Exercise brief: Write out exactly the lines from the first line of the records below through the line that contains "1. small box <box>660,0,913,139</box>", and stop there.

Stored items from a collection
§ §

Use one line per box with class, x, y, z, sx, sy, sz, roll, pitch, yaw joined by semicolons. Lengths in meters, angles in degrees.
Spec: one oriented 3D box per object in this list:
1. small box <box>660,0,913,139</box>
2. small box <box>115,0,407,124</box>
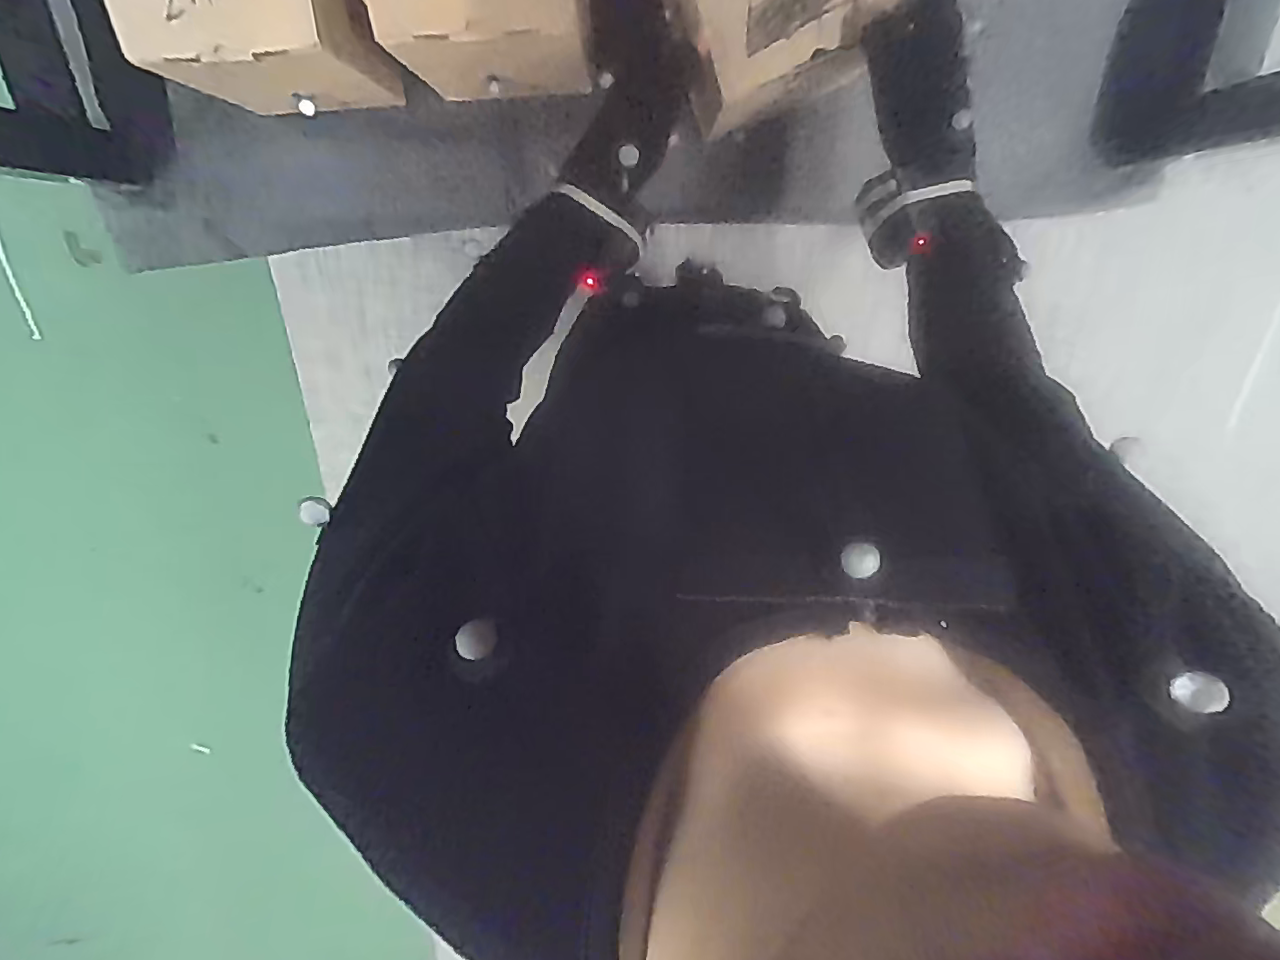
small box;0.115;-0.439;0.489;0.168;0.176;0.179;-20;108;9
small box;-0.337;-0.450;0.491;0.168;0.176;0.179;-3;111;2

§ §

Response to the exercise:
Use one line per box with class, x, y, z, sx, sy, sz, roll, pitch, yaw joined by semicolons. Lengths in meters, angles in degrees.
Spec: one oriented 3D box per object in this list:
1. small box <box>660,0,913,139</box>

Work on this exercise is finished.